In the structure of our privacy policy, we differentiate between necessary cookies and analytics cookies. Cookies that are technically required for the functioning of the website (“necessary cookies”) cannot be deactivated via the cookie management function of this website. However, you can generally deactivate cookies at any time in your browser. Different browsers offer different ways to configure the cookie settings in the browser. However, some functions of the website may not function or no longer function properly if you generally deactivate cookies in your browser.
a) Cookies to control the Cookies and the information text
We use cookies to control the cookies and the cookie information text on our website. This enables us to ensure that you do not receive the cookie information text every time you visit the website but that your settings are stored.
(i) The purpose of the data processing is to control the use of cookies on our website as well as to display the cookie information text. A change of purpose is not planned.
(ii) The data processed are:
- HTTP data: HTTP data is protocol data that is generated for technical reasons when the website is visited via the Hypertext Transfer Protocol (Secure) (HTTP(S)): This includes IP address, type and version of your internet browser, operating system used, the page visited, the page previously visited (referrer URL), date and time of the visit.
- Data for displaying the cookie text: Data is processed as to whether the cookie information text has already been displayed to the specific user.
(iii) The legal basis for the processing is our legitimate interest in the simple and reliable control of the cookies and the legally compliant display of the cookie information text in accordance with Article 6 (1) (f) GDPR and Section 25 (2) No.2 TDDDG.
(iv) The data is automatically transmitted by the browser of the user.
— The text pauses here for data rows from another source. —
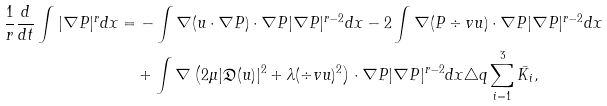<formula> <loc_0><loc_0><loc_500><loc_500>\frac { 1 } { r } \frac { d } { d t } \int | \nabla P | ^ { r } d x & = - \int \nabla ( u \cdot \nabla P ) \cdot \nabla P | \nabla P | ^ { r - 2 } d x - 2 \int \nabla ( P \div v u ) \cdot \nabla P | \nabla P | ^ { r - 2 } d x \\ & \quad + \int \nabla \left ( 2 \mu | \mathfrak { D } ( u ) | ^ { 2 } + \lambda ( \div v u ) ^ { 2 } \right ) \cdot \nabla P | \nabla P | ^ { r - 2 } d x \triangle q \sum _ { i = 1 } ^ { 3 } \bar { K _ { i } } ,</formula> 
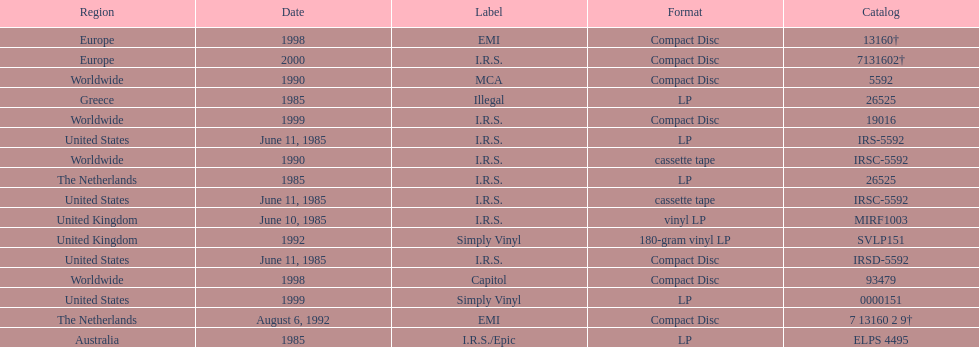How many more releases were in compact disc format than cassette tape? 5. 
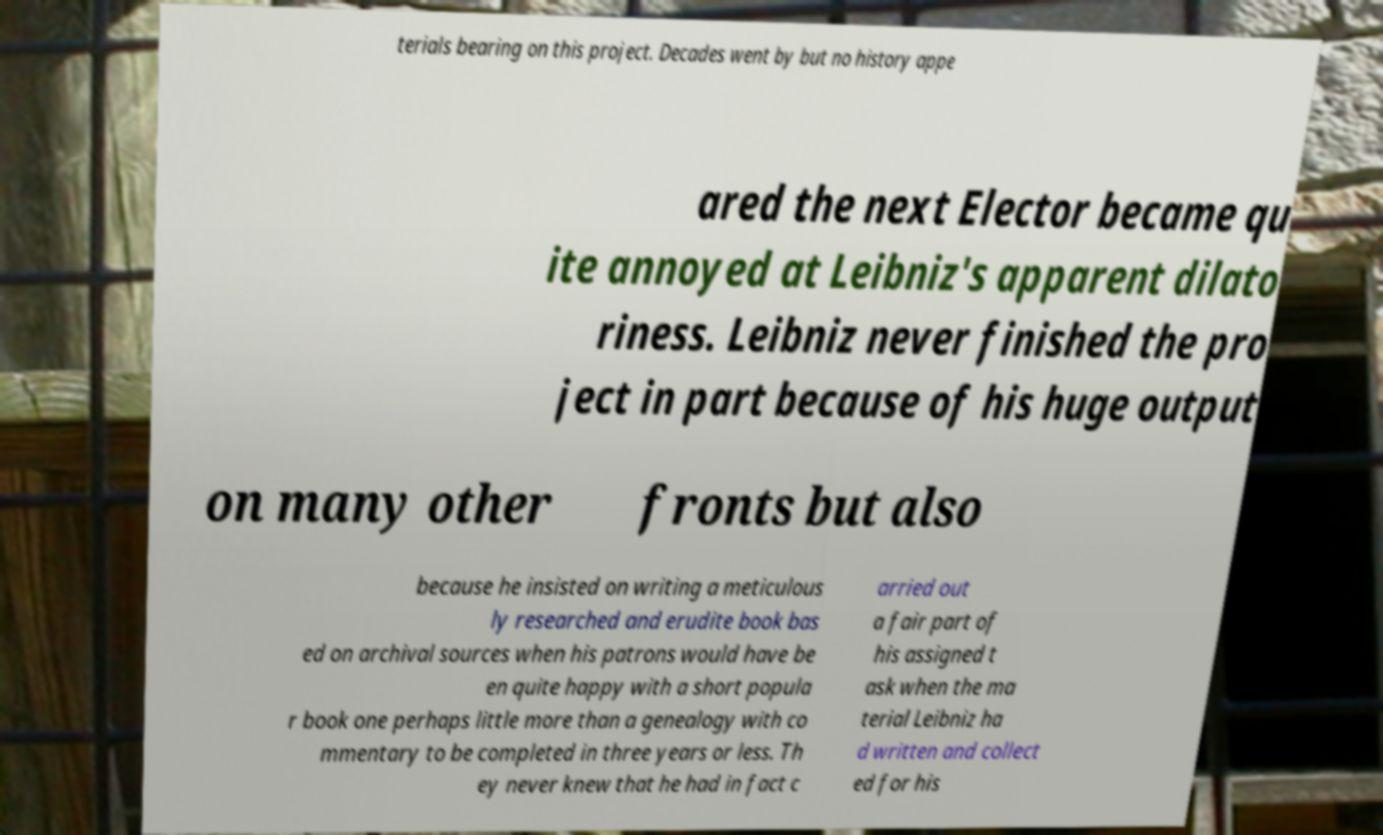Could you extract and type out the text from this image? terials bearing on this project. Decades went by but no history appe ared the next Elector became qu ite annoyed at Leibniz's apparent dilato riness. Leibniz never finished the pro ject in part because of his huge output on many other fronts but also because he insisted on writing a meticulous ly researched and erudite book bas ed on archival sources when his patrons would have be en quite happy with a short popula r book one perhaps little more than a genealogy with co mmentary to be completed in three years or less. Th ey never knew that he had in fact c arried out a fair part of his assigned t ask when the ma terial Leibniz ha d written and collect ed for his

(v) Recipients of the personal data are IT service providers which we use as processors within the framework of a data processing agreement.
(vi) The data will be deleted after 1 year.
(vii) Without disclosure of personal data such as the IP address, the use of the website is not possible. Communication via the website without disclosure of data is technically not possible.
b) Consent Cookies
We use consent cookies to store your consent, possible revocation of consent and objections to the use of cookies on our website.
(i) The purpose of data processing is to store user choices on cookies (consent, revocation, opt- out). A change of purpose is not planned.
(ii) The processed data are:
- HTTP data: HTTP data is protocol data that is generated for technical reasons when the website is visited via the Hypertext Transfer Protocol (Secure) (HTTP(S)): This includes IP address, type and version of your internet browser, operating system used, the page visited, the page previously visited (referrer URL), date and time of the visit. HTTP(S) data also accumulates on the servers of service providers (e.g. when requesting third- party content).
- User choice on cookies: User choice on individual cookies or groups of cookies. Time of choice and last visit.
(iii) The legal basis for the processing is our legitimate interest in the simple and reliable control of cookies in accordance with the user's choice in accordance with Article 6 (1) (f) GDPR and Section 25 (2) No.2 TDDDG.
(iv) The data is provided actively by the user (choice on cookies) or is automatically transmitted by the browser of the user (protocol data, time stamp).
(v) Recipients of the personal data are IT service providers which we use as processors within the framework of a data processing agreement.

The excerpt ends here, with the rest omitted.